Asteroid Pieces Make Pretty Meteorites

A new analysis of crystals in pallasite meteorites suggests that they had a violent birth — but one quite different than scientists had imagined.

Earth’s most beautiful meteorites may have formed in some of the solar system’s most violent collisions, according to a new study published in this week’s issue of Science.

pallasite meteorite
A slice of the Esquel meteorite reveals the glassy green olivine embedded in its iron-nickel matrix. Researchers teased out magnetic signatures in olivine samples from Esquel and another meteorite to reveal the nature of the meteorites' parent body.
Arlene Schlazer
The study examined pallasites — iron-nickel meteorites that trap giant green crystals to form assemblages like stained-glass windows — and concluded that these rare meteorites formed when an asteroid obliterated itself by crashing into a tiny planet in the earliest days of the solar system.

Iron-nickel meteorites are special to begin with. Made of pure metal, these meteorites formed about 4.6 billion years ago, when planets and asteroids were scooping up dust and metal from the debris disk swirling around the newly-formed Sun. This was a violent process — you can’t stick two rocks together with just a little shove — and, as each young planet grew, it melted from the heat of the impacts. The densest elements sank to the center of the melted planet, forming a metallic core. Later, catastrophic collisions between these bodies blasted them apart, shattering the iron-nickel cores into pieces that would eventually land on Earth and be picked up by us.

Pallasites are a rare type of iron-nickel meteorite. The metal from the parent body’s core is mixed with large crystals of the translucent green mineral olivine. Because olivine is the dominant mineral in Earth’s mantle — the layer between the core and crust — planetary scientists thought for decades that pallasites represented the boundary layer between an asteroid’s core and mantle.

Now, a team led by John Tarduno (University of Rochester) has found that the olivine crystals in two pallasite meteorites are magnetized, meaning that the metallic grains inside them aligned with each other in the presence of a strong magnetic field. One meteorite’s surrounding field was comparable to that at Earth’s surface, and the second’s was larger; although both are weaker than the field calculated to exist at our planet’s core-mantle boundary, the intensities do suggest an internally generated magnetic field.

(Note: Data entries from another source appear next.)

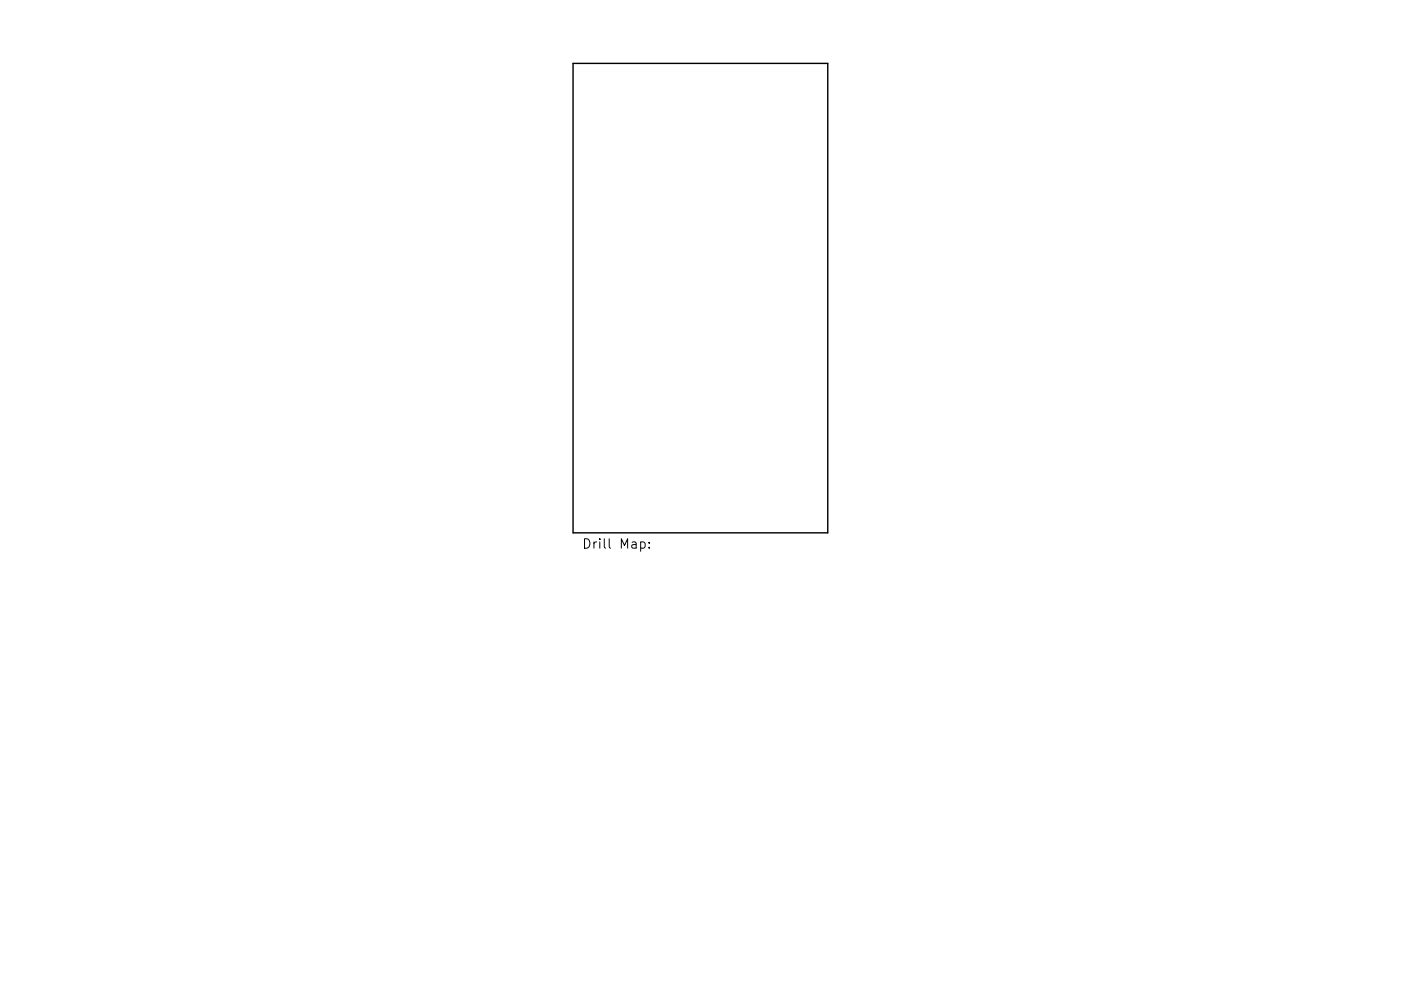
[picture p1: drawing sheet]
<svg xmlns="http://www.w3.org/2000/svg" width="297mm" height="210mm" viewBox="0 0 297 210" stroke-linecap="round" stroke-linejoin="round" font-family="sans-serif">
<defs><g id="words">
<g font-size="2.8">
<text x="123.4" y="117">Drill</text>
<text x="131.4" y="117">Map:</text>
</g>
</g></defs>
<path d="M121.5 13.5h54v99.6h-54z" fill="none" stroke="#000" stroke-width=".3"/>
<path d="M129.2 114.3v1.7l.3 .3" fill="none" stroke="#000" stroke-width=".21"/>
<use href="#words"/>
</svg>

Olivine can only magnetize at low temperatures, and an asteroid’s core-mantle boundary can exceed 900° C, which is far too hot. Tarduno and his colleagues concluded that pallasite olivine must have formed far from the core-mantle boundary, in the top 60% or so of the mantle.

If this is true, it means the body that gave birth to the pallasites wasn’t just broken into pieces by the impact — it was obliterated when it slammed into the protoplanet. The force of the impactor had to be so strong that it injected molten metal from its own core into the protoplanet’s mantle, trapping olivine crystals in a suspended iron matrix.

The new pallasite findings also point to a new perspective on planetary magnetism. The magnetic field that surrounded the forming olivine crystals was likely created by the convection of liquid metal in the core of the original protoplanet. Tarduno’s team estimates that that body was probably just 400 km across – one-eighth the size of the Moon. If true, this would be smallest known planetary body to produce its own magnetic field.

Magnetic fields are critical to the development of planetary environments. All four terrestrial planets once had strong magnetic fields, though Venus and Mars lost theirs at some point. Researchers now think that the early loss of Mars’ magnetic field caused the catastrophic climate change that transformed the planet into a dry, cold world. The new finding could influence how geologists interpret minerals on large asteroids in the future and our understanding of what the solar system's primordial bodies were like.

Guest blogger Selby Cull is a planetary geologist at Bryn Mawr College and studies the mineralogy and geochemistry of the Martian surface. She is also a former intern at Sky & Telescope.